NAVARCH 321. Marine Hydrodynamics
Prerequisite: None. Advisory Prerequisite: NAVARCH 320 or MECHENG 320 or equivalent. (4 credits)
Ideal and viscous fluid theory applied to marine systems. Ship resistance components. Resistance prediction from model testing and standard series. Two-dimensional and three-dimensional airfoil theory. Propeller geometry, design and matching. Hull-propeller interaction, propeller charts, powering prediction. Unsteady marine hydrodynamics: free surface flow, wave loads, seakeeping and transport of pollutants. CourseProfile (ATLAS)

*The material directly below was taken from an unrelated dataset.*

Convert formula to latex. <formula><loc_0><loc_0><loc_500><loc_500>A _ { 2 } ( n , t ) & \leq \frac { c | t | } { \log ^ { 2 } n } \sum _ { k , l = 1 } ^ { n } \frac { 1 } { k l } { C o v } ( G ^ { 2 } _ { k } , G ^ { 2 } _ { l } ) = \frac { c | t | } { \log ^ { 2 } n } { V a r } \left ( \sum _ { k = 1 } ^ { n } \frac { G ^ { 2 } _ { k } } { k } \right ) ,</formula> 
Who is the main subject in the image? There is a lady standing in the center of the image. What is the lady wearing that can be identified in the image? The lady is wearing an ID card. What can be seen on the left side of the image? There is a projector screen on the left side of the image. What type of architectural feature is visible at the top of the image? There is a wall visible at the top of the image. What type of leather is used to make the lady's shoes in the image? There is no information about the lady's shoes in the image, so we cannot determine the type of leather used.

NAVARCH 331. Marine Power and Energy I
Advisory Prerequisite: PHYS 240 (“C” or better). (3 credits)
Marine electrical power and energy systems. AC and DC power networks, analysis techniques and transformations. Principles, characteristics, and properties of power converters, transformers, and DC AC motors. Shipboard energy storage systems. Basic control theory. Power and energy system modeling and control. Design of boat and ship electric power systems. CourseProfile (ATLAS)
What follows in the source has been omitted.